I believe the rear opitions are the same as a mkiv, but don't quote me on that. The bagyard rears require no modification of the rear spring perches. If you use a mkiv or mkv airlift you'll have to grind the perches so the bag sits flat. I haven't been under a mkvi yet so I'm not a 100%.


----------



## 01 (Sep 9, 2009)

OVRWRKD said:


> I believe the rear opitions are the same as a mkiv, but don't quote me on that. The bagyard rears require no modification of the rear spring perches. If you use a mkiv or mkv airlift you'll have to grind the perches so the bag sits flat. I haven't been under a mkvi yet so I'm not a 100%.


 looks like a mkiv under there.. although i dont want to order those rears and have them not work. 

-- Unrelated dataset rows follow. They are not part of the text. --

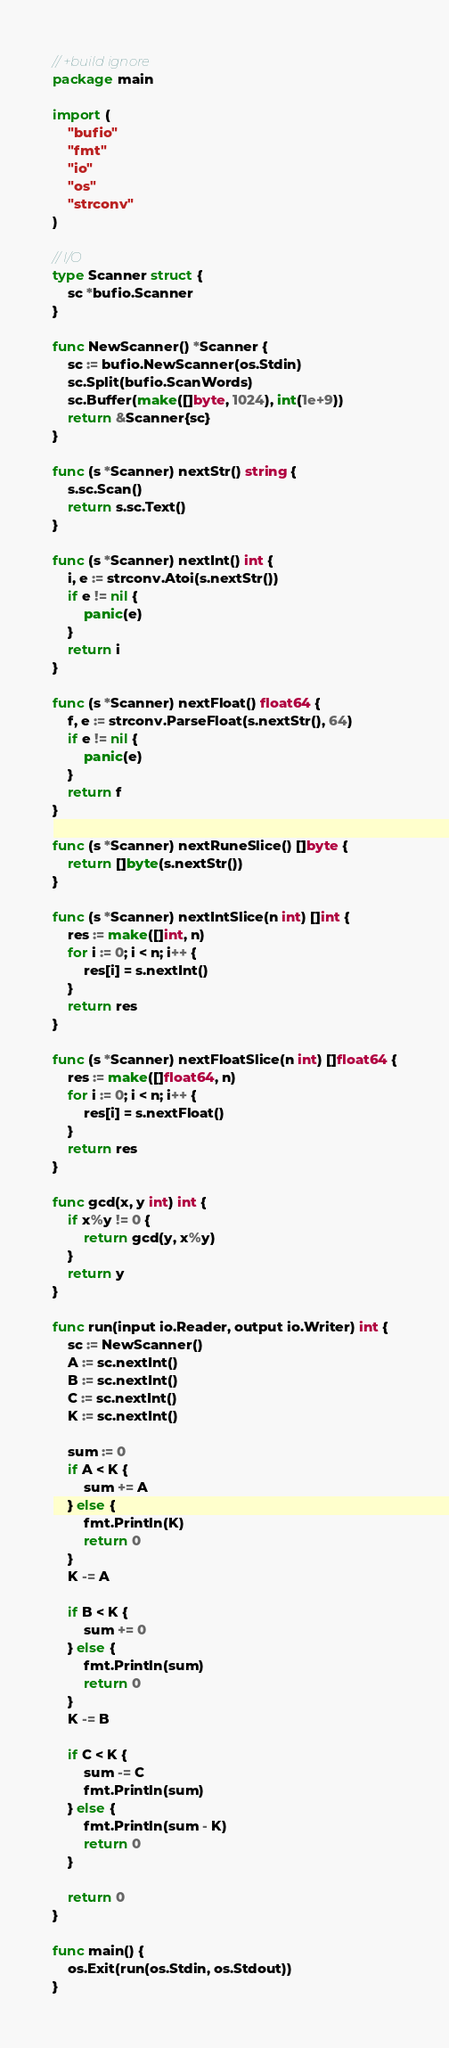<code> <loc_0><loc_0><loc_500><loc_500><_Go_>// +build ignore
package main

import (
	"bufio"
	"fmt"
	"io"
	"os"
	"strconv"
)

// I/O
type Scanner struct {
	sc *bufio.Scanner
}

func NewScanner() *Scanner {
	sc := bufio.NewScanner(os.Stdin)
	sc.Split(bufio.ScanWords)
	sc.Buffer(make([]byte, 1024), int(1e+9))
	return &Scanner{sc}
}

func (s *Scanner) nextStr() string {
	s.sc.Scan()
	return s.sc.Text()
}

func (s *Scanner) nextInt() int {
	i, e := strconv.Atoi(s.nextStr())
	if e != nil {
		panic(e)
	}
	return i
}

func (s *Scanner) nextFloat() float64 {
	f, e := strconv.ParseFloat(s.nextStr(), 64)
	if e != nil {
		panic(e)
	}
	return f
}

func (s *Scanner) nextRuneSlice() []byte {
	return []byte(s.nextStr())
}

func (s *Scanner) nextIntSlice(n int) []int {
	res := make([]int, n)
	for i := 0; i < n; i++ {
		res[i] = s.nextInt()
	}
	return res
}

func (s *Scanner) nextFloatSlice(n int) []float64 {
	res := make([]float64, n)
	for i := 0; i < n; i++ {
		res[i] = s.nextFloat()
	}
	return res
}

func gcd(x, y int) int {
	if x%y != 0 {
		return gcd(y, x%y)
	}
	return y
}

func run(input io.Reader, output io.Writer) int {
	sc := NewScanner()
	A := sc.nextInt()
	B := sc.nextInt()
	C := sc.nextInt()
	K := sc.nextInt()

	sum := 0
	if A < K {
		sum += A
	} else {
		fmt.Println(K)
		return 0
	}
	K -= A

	if B < K {
		sum += 0
	} else {
		fmt.Println(sum)
		return 0
	}
	K -= B

	if C < K {
		sum -= C
		fmt.Println(sum)
	} else {
		fmt.Println(sum - K)
		return 0
	}

	return 0
}

func main() {
	os.Exit(run(os.Stdin, os.Stdout))
}
</code>

was hoping to see if anyone else has tried or not. 

-- 

on another note i ordered the rest of my setup, as always [email protected] :heart:


----------



## 01 (Sep 9, 2009)

ttt


----------



## 01 (Sep 9, 2009)

think im going to order the firestone AAC kit..

i think it may work, just worried it wont offer enough drop.


----------



## 01 (Sep 9, 2009)

or wait until the BYs get in.....


----------



## eurotrsh (Dec 25, 2004)

Talk to this guy 

http://forums.vwvortex.com/member.php?322205-passat_98


----------



## 01 (Sep 9, 2009)

eurotrsh said:


> Talk to this guy
> 
> http://forums.vwvortex.com/member.php?322205-passat_98


no response. 

he had d-cups to begin with, and then BYs.. and well nobody can get those anytime soon.

i hear bagriders might have em in a month or so.


----------



## 01 (Sep 9, 2009)

Can we say bolt in mk6 rear kit?


----------



## LOW36 (Jan 18, 2008)

01 said:


> Can we say bolt in mk6 rear kit?


:heart:


----------



## 01 (Sep 9, 2009)

would go lower... but some of the bumpstop is still in, and its resting on tire/lip.


----------



## iamraymond (Jan 22, 2004)

Its like your old MK4 had a grandson, and this is the outcome. Looks very promising :beer:


----------



## 01 (Sep 9, 2009)

iamraymond said:


> Its like your old MK4 had a grandson, and this is the outcome. Looks very promising :beer:


Heh yeah. I have a thing with white.


----------



## urNOTready! (Apr 6, 2006)

01 said:


> Can we say bolt in mk6 rear kit?


18x9.5 et48? 

Thanks in advance.


----------



## 01 (Sep 9, 2009)

urNOTready! said:


> 18x9.5 et48?
> 
> Thanks in advance.


19s, but other than that.. yeah


----------



## urNOTready! (Apr 6, 2006)

01 said:


> 19s, but other than that.. yeah


Looks really good, thanks. :thumbup:


----------



## 01 (Sep 9, 2009)




----------